**Work item:**
Reproduce each line from the records that holds "horizontal".

**Material for this task:**

****************************************

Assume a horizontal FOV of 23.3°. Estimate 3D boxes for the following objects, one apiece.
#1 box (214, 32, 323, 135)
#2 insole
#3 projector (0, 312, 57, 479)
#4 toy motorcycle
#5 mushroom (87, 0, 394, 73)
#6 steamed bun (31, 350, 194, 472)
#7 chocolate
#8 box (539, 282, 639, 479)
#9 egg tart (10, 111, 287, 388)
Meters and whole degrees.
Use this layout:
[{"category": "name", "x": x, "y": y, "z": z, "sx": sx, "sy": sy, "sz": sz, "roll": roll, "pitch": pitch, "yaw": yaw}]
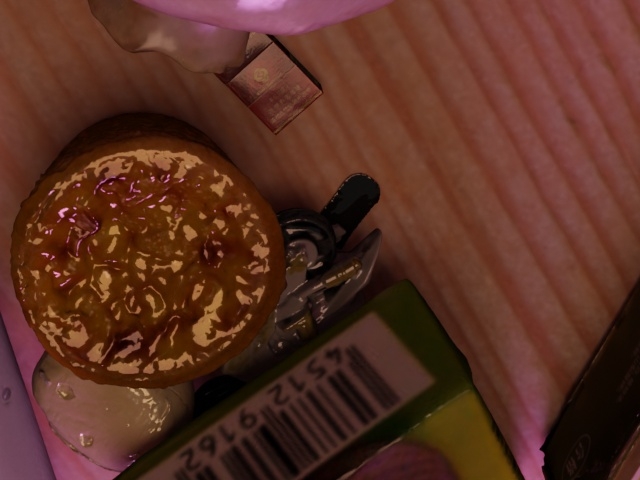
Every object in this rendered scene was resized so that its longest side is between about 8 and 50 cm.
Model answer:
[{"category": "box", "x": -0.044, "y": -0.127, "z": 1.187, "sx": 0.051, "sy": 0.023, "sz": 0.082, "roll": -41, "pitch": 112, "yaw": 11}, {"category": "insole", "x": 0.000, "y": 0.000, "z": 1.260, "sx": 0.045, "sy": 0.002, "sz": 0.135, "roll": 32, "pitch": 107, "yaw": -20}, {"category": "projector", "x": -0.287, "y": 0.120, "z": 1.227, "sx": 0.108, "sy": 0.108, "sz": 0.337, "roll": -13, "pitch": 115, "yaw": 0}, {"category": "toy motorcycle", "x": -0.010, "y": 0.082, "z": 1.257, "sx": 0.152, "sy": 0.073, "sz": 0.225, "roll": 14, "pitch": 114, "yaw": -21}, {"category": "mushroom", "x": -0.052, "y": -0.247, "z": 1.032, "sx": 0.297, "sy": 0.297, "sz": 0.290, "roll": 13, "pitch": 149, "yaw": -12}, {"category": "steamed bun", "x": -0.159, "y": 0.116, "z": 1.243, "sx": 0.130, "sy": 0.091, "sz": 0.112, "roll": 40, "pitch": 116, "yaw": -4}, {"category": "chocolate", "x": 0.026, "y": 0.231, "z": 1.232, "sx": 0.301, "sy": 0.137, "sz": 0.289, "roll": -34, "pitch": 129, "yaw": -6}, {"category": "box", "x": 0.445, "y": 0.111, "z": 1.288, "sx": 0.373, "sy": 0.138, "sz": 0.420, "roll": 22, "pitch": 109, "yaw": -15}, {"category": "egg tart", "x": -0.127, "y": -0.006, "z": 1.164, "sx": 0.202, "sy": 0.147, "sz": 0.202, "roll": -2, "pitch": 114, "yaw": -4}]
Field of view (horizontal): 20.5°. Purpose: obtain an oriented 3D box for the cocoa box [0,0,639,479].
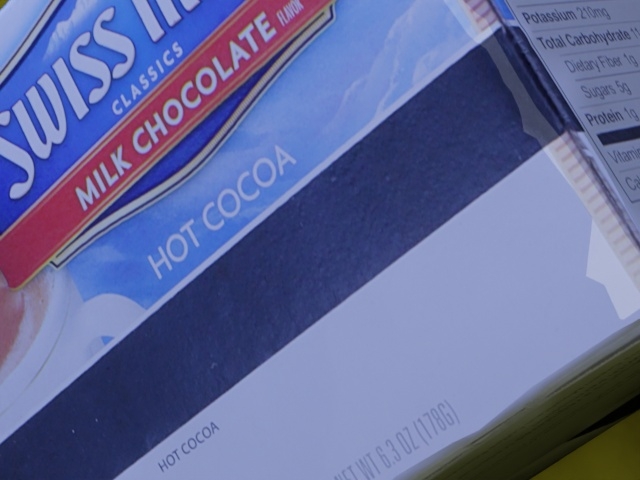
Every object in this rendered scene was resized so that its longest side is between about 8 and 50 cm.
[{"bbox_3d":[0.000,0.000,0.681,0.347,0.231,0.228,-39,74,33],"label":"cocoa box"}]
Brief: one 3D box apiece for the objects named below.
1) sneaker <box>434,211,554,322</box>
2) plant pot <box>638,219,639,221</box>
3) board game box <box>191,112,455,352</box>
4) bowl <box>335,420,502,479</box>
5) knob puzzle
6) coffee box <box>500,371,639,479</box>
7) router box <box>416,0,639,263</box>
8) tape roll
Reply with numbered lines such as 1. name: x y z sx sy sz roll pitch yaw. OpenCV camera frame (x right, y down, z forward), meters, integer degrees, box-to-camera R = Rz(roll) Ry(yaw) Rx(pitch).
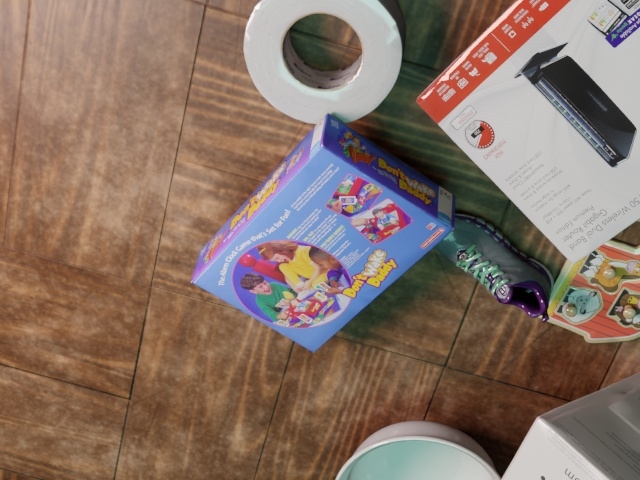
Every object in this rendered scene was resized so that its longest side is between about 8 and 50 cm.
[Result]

****************************************

**Reply:**
Assume a horizontal FOV of 23.3°. Estimate 3D boxes for the following objects, one apiece.
Field of view (horizontal): 20.5°. Purpose: obtain an oriented 3D box for the cocoa box [0,0,639,479].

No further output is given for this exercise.